Figure 27 : Expression tissu-spécifique des lncRNAs et des ARNm. Abondance de 4373 lncRNAs (lignes) et 28 802 ARNm (lignes) Dans les différents tissus testés (colonnes) l’intensité de couleur représente le niveau d’expression du gène. Il y a majoritairement plus de lincRNAs exprimés spécifiquement mais leurs expressions sont globalement moins fortes que celles des ARNm. Il y a cependant une forte expression de lncRNAs dans les testicules (Adapté de Cabili et al., 2011).

68 Le lncRNA Evf2 par exemple, est majoritairement exprimé dans le cerveau antérieur en développement et régule l'expression des gènes Dlx5/6 (distal-less homeobox) (Feng, 2006). Son expression et cette régulation s'avèrent nécessaires au développement du cerveau antérieur et à l'établissement des circuits neuronaux GABA-dépendants de l'hippocampe chez la souris (Feng, 2006). Exprimée de manière plus tissu-spécifique encore, la paire de lncRNAs HAR1A et HAR1B (highly accelerated region 1) est uniquement exprimée au niveau des neurones Cajal-Retzius dans le néocortex à la mi-gestation chez les primates. L'expression de ces ARNs s'étend à l'hippocampe, au cortex cérébelleux et au gyrus denté. A l'âge adulte, l'expression n'est plus uniquement cérébrale mais aussi ovarienne et testiculaire (Pollard et al., 2006).
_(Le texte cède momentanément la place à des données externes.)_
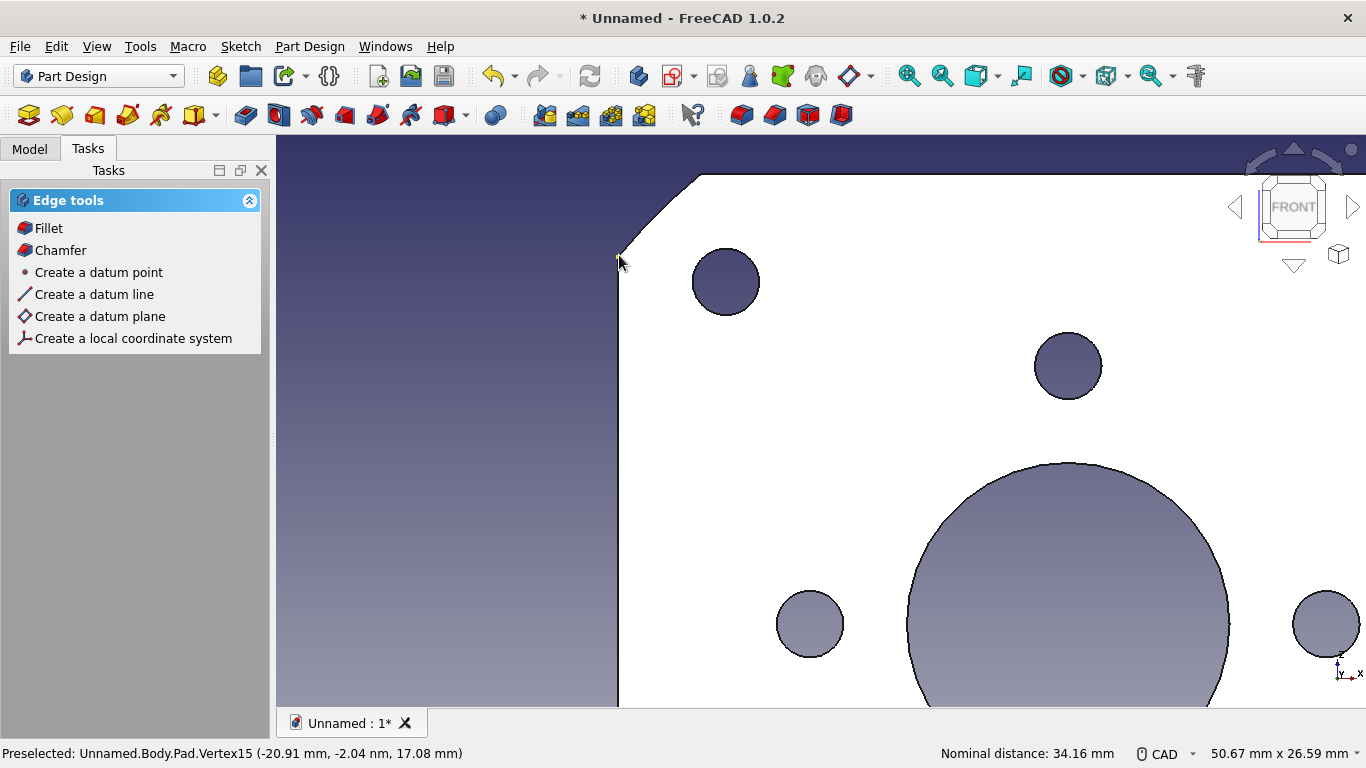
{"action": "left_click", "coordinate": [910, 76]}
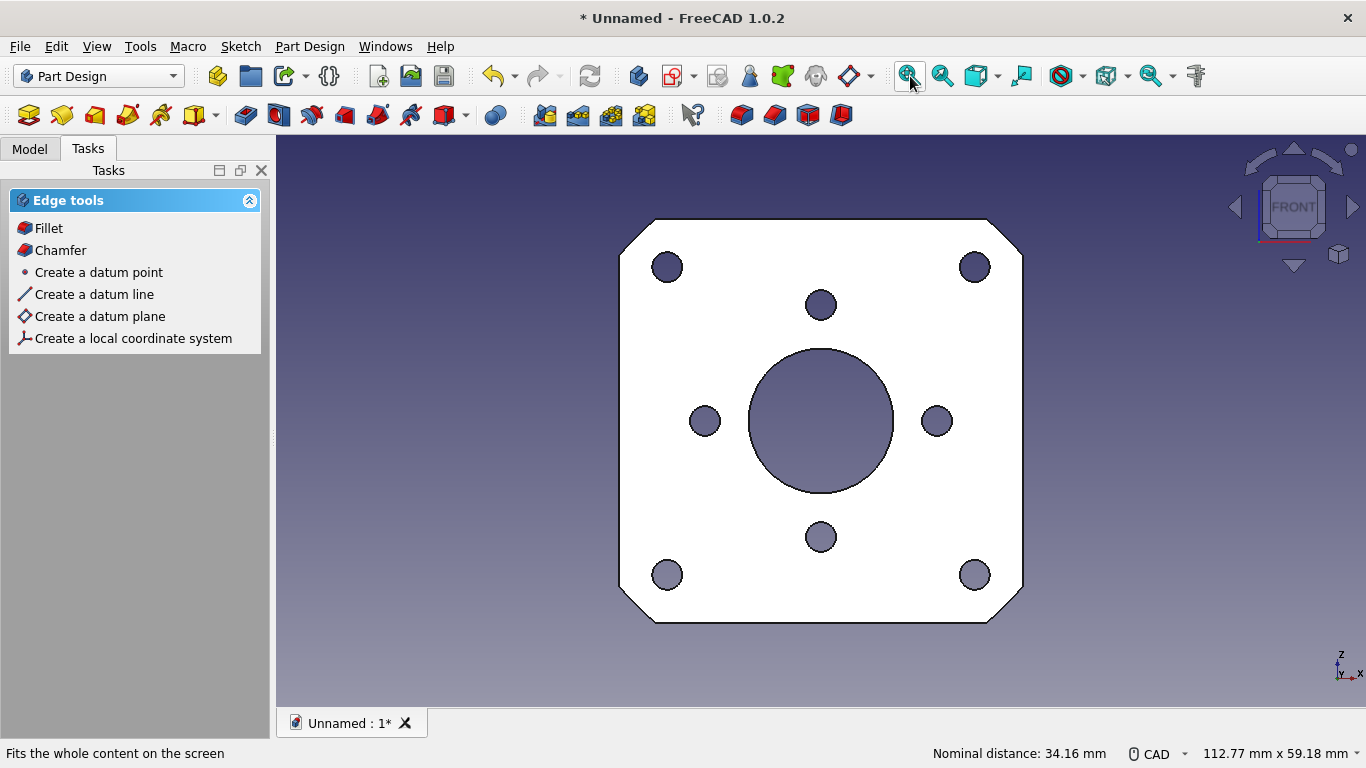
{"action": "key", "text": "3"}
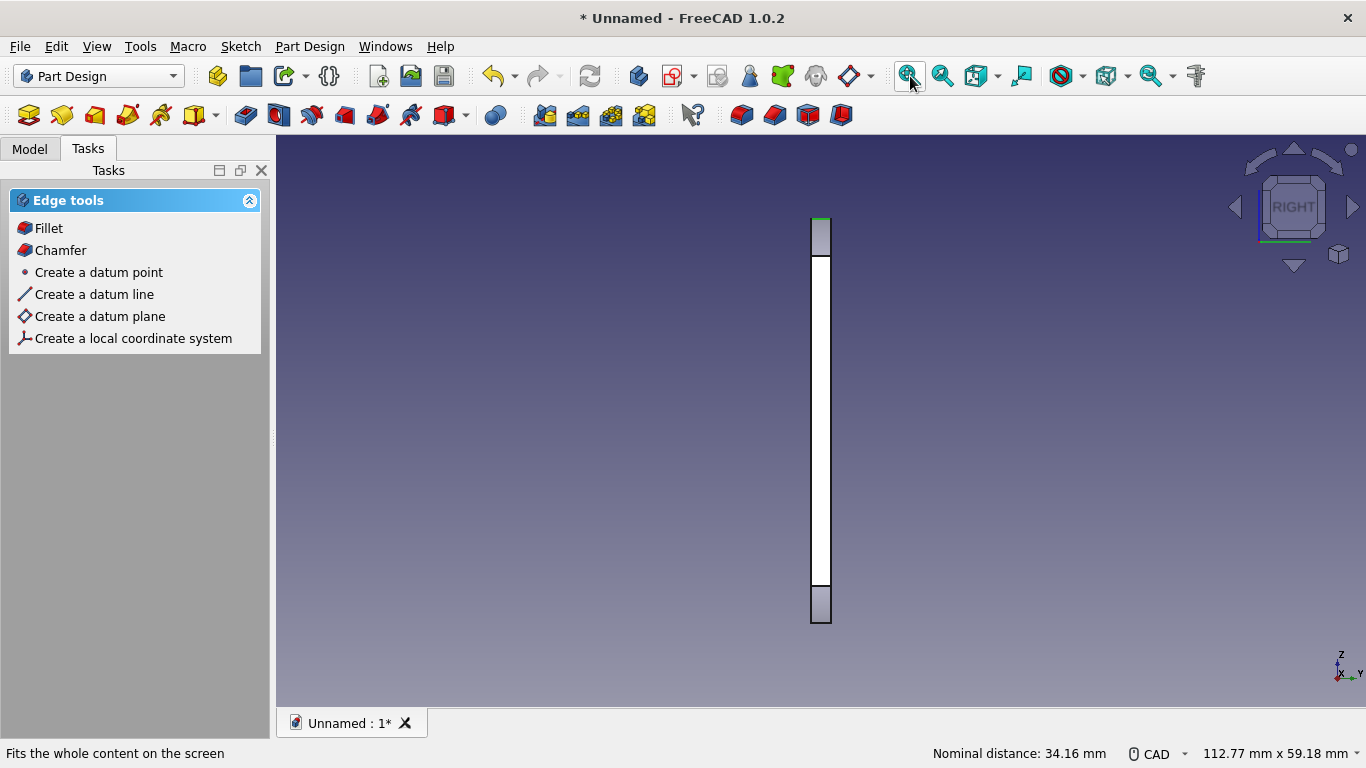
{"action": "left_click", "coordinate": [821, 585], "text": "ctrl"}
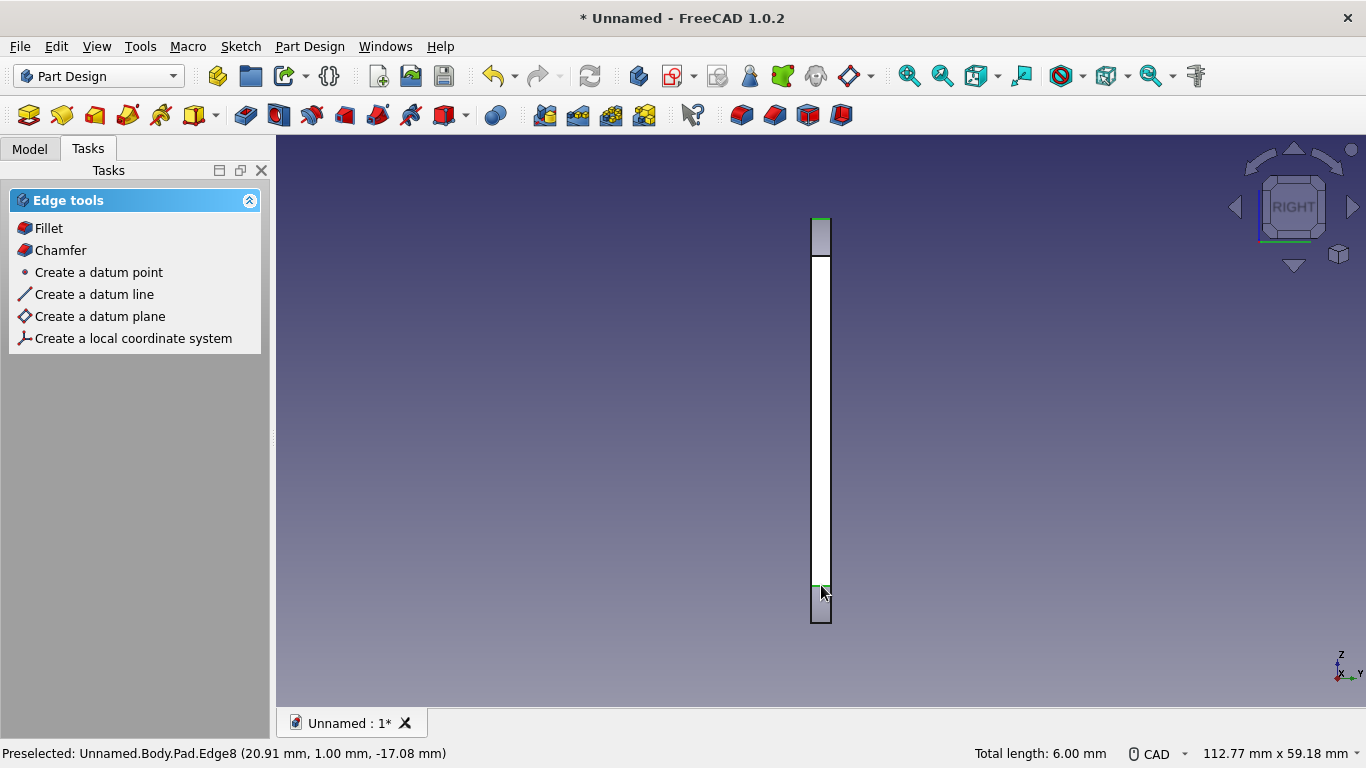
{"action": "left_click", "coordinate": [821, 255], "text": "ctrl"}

Tout comme dans un contexte normal, l'expression des lncRNAs peut être dépendante d'un contexte pathologique. Il existe des lncRNAs spécifiques du tissu cancéreux comparé au tissu adjacent normal, constituant notamment d'excellents marqueurs néoplasiques. CCAT1 (Colon Cancer Associated Transcript 1) par exemple, est un lncRNA exprimé uniquement dans le tissu cancéreux du côlon et non dans le tissu sain (Kam et al., 2013). Par ailleurs, Iyer et al. ont mis en évidence récemment, par une méta-analyse de 25 études indépendantes, près de 8 000 lncRNAs tissu-spécifique ou tumeur spécifique sur plus de 58 000 lncRNAs identifiés, confirmant plus encore cette caractéristique des lncRNAs (Iyer et al., 2015).

d.

Localisation cellulaire

Plusieurs travaux ont montré que la grande majorité des lncRNAs était nucléaire et associée à la chromatine (Djebali et al., 2012)(Mondal et al., 2010) et cela indépendamment de leurs classes (intronique, intergénique, anti-sens) (Derrien et al., 2012). Bien que ce soit en accord avec plusieurs études présentant les lncRNAs comme majoritairement impliqués dans les régulations épigénétiques et associés à la chromatine, cette localisation peut également être le reflet d'une plus grande dégradation par des mécanismes comme le NMD (Nonsense mediated decay). Ces ARNs non codants peuvent présenter des ORFs "de mauvaise qualité" et ainsi être des cibles de ce mécanisme de dégradation cytoplasmique. Malgré cet enrichissement dans le noyau, une partie des lncRNAs peut être enrichie dans le cytoplasme. C'est le cas par exemple de mascRNA (MALAT1-associated Small Cytoplasmic RNA) (Wilusz et al., 2008), de NRON (non coding RNA, repressor of NFAT) (Willingham et al., 2005) ou du lncRNA GAS5 (growth arrest-specific 5) (Kino et al., 2010). Au vue des grandes différences fonctionnelles qui existent entre un lncRNA nucléaire ou cytoplasmique, la question de la localisation des lncRNAs s'avère donc cruciale dans l'établissement du potentiel fonctionnel d'un lncRNA.